Batsch 1989 distingue pour l’allemand une langue littéraire écrite et un standard allemand parlé, proche de la langue littéraire, en mentionnant que « la variante ”supérieure” de la langue standard est la langue littéraire ». Elle met « supérieure » entre guillemets, signalant ainsi qu’elle n’émet pas de jugements de valeur concernant les variétés de langue[15].
Pour Vasiliu 1965, la roumain standard est « le roumain littéraire utilisé couramment (c’est-à-dire dans des circonstances non officielles) par un locuteur instruit »[16].
Kálmán 1966 signale, en traitant du hongrois, que « d’habitude on appelle aussi langue littéraire la variante écrite de la variété standard »[17].
Svobodová 2012, en traitant du slovaque, distingue plus nettement la langue littéraire, qui serait celle de la communication officielle et écrite, de la langue standard, qui serait semi-officielle, parlée et écrite[18].
Concernant l’albanais, Mantho 2009 considère que la notion de langue littéraire est plus large que celle de langue standard, incluant celle-ci et en même temps la langue de la littérature artistique, qui peut être dialectale.

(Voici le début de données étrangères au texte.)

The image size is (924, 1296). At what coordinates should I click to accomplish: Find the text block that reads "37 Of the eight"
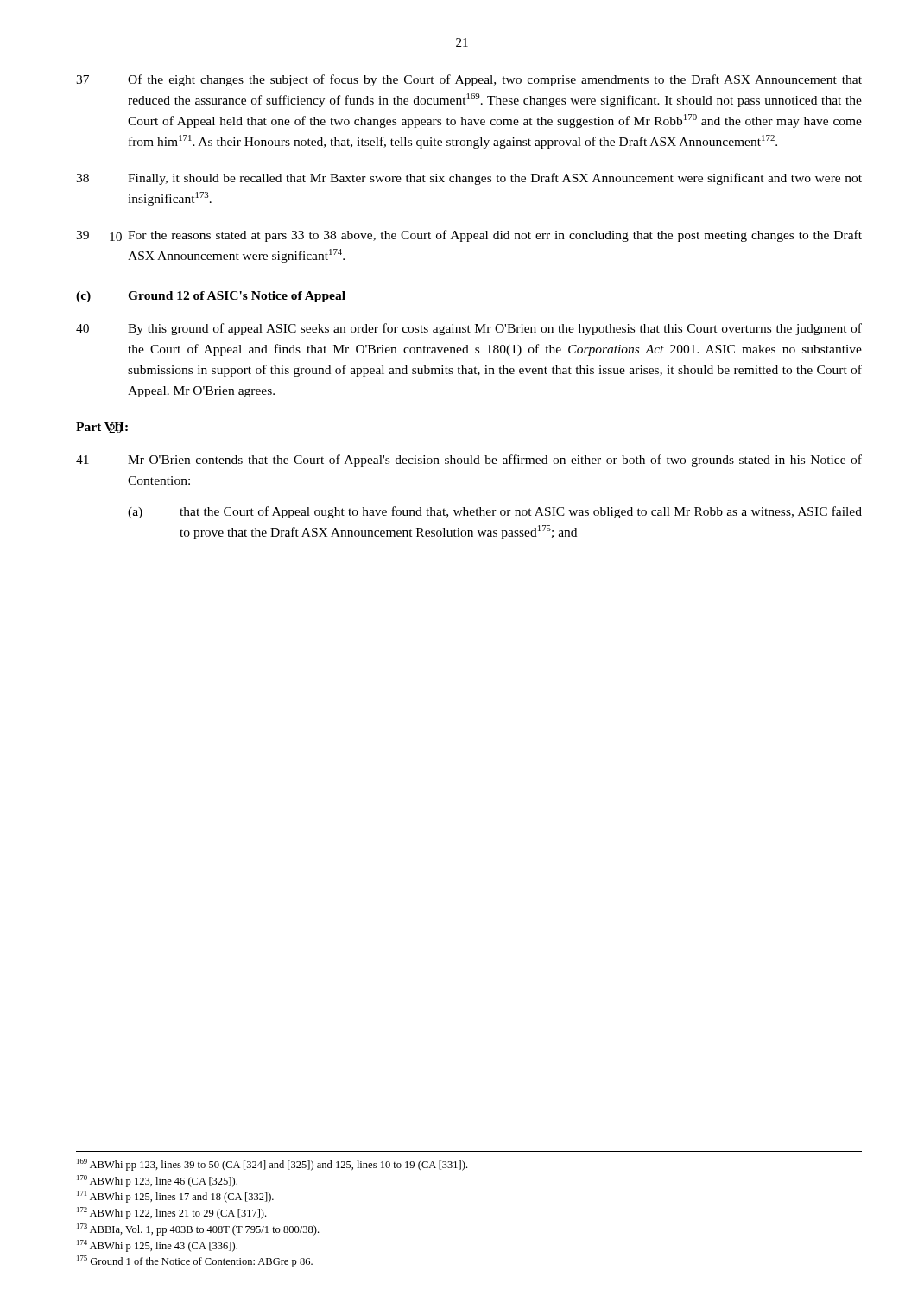tap(469, 111)

Cette idée est en rapport avec la situation de la langue nationale albanaise qui est basée sur la langue de la littérature en dialecte tosque, parlé en Albanie du Sud, dominante à l’époque de l’éveil de la conscience nationale. La norme littéraire tosque fut imposée en tant que standard unique pour tout le pays et pour les Albanais du Kosovo, tandis que jusqu’à l’instauration du régime communiste, une littérature en dialecte guègue, parlé en Albanie du Nord et au Kosovo continua d’exister. Cette littérature était interdite sous le régime communiste, mais elle fut reprise après la chute de celui-ci, et au Kosovo deux idées se confrontent : celle d’abandonner le standard basé sur le tosque et celle de le maintenir pour l’ensemble des Albanais[19].

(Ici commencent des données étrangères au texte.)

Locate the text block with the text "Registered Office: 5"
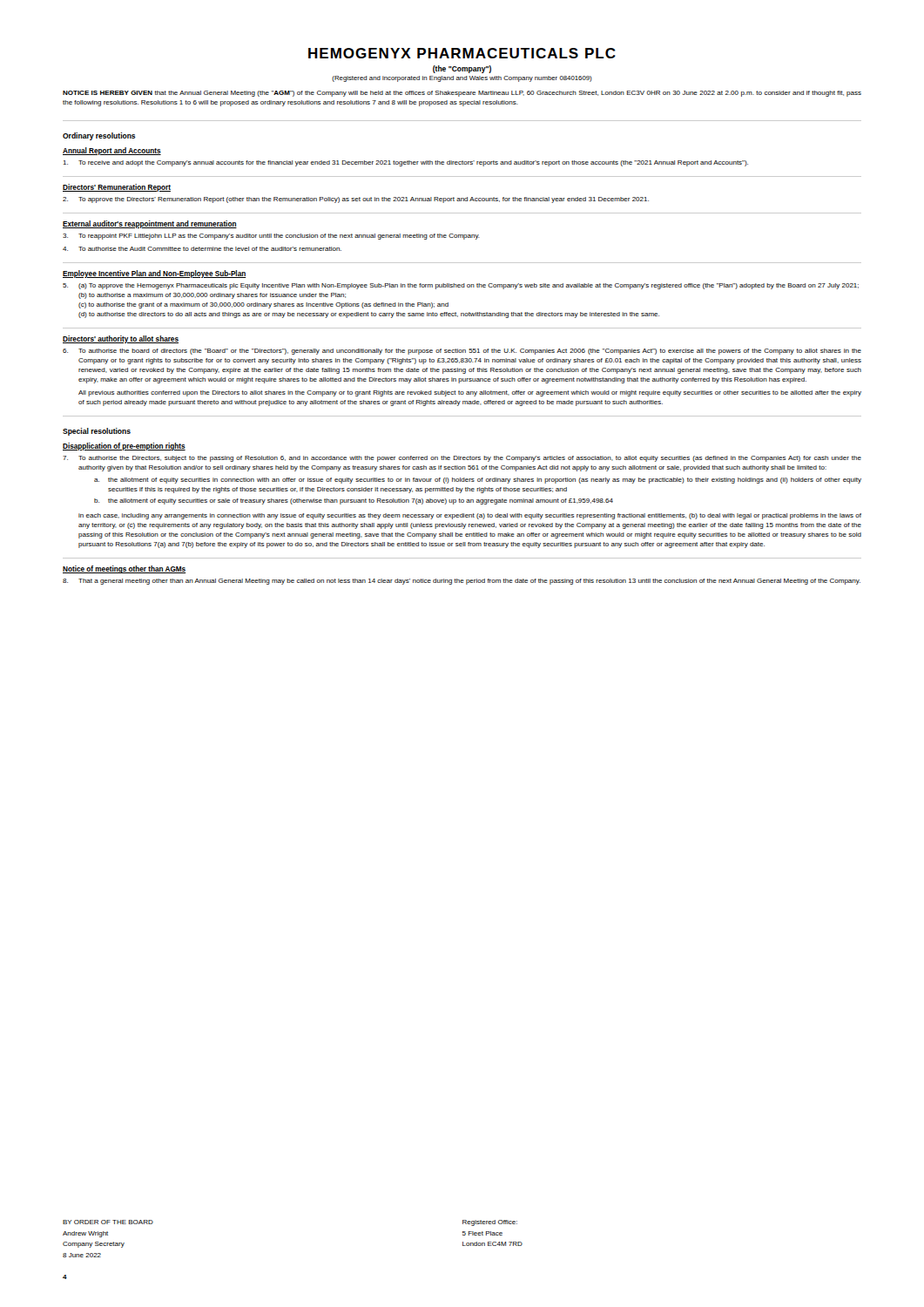 [x=492, y=1233]

Critique de la conception traditionnelle de la langue littéraire
Dans les années 2000 il est apparu des linguistes qui vont au-delà de la distinction entre langue standard et langue littéraire, et qui critiquent la conception traditionnelle de ce que devrait être la langue standard.
Molnár 2014, par exemple, constate que depuis qu’on a standardisé la langue littéraire hongroise et qu’on l’a imposée en tant que langue standard, on a continué sur cette voie jusque dans les années 1980. « L’emploi appelé ”exigent” de la langue, pour lequel on faisait de la propagande sous le régime socialiste, visait la correction de la langue. Ce qui l’incarnait était la langue littéraire et la langue commune cultivée en tant que variétés standard, et l’idéologie de l’époque s’était fixé pour but de répandre cette variété standard dans le cadre de l’unification politico-sociale et de l’affermissement de l’unité[20]. L’auteur affirme aussi que chacune des variétés de la langue à sa propre norme, aucune supérieure aux autres, et que ces normes se caractérisent par un dynamisme constant. À son avis, « c’est cette conception de la norme interprétée dans son dynamisme, et l’existence de la variété des normes comme caractéristique de la langue hongroise vivante qu’il faudrait présenter dans la pratique de l’enseignement du hongrois, quel que soit son but. »[21]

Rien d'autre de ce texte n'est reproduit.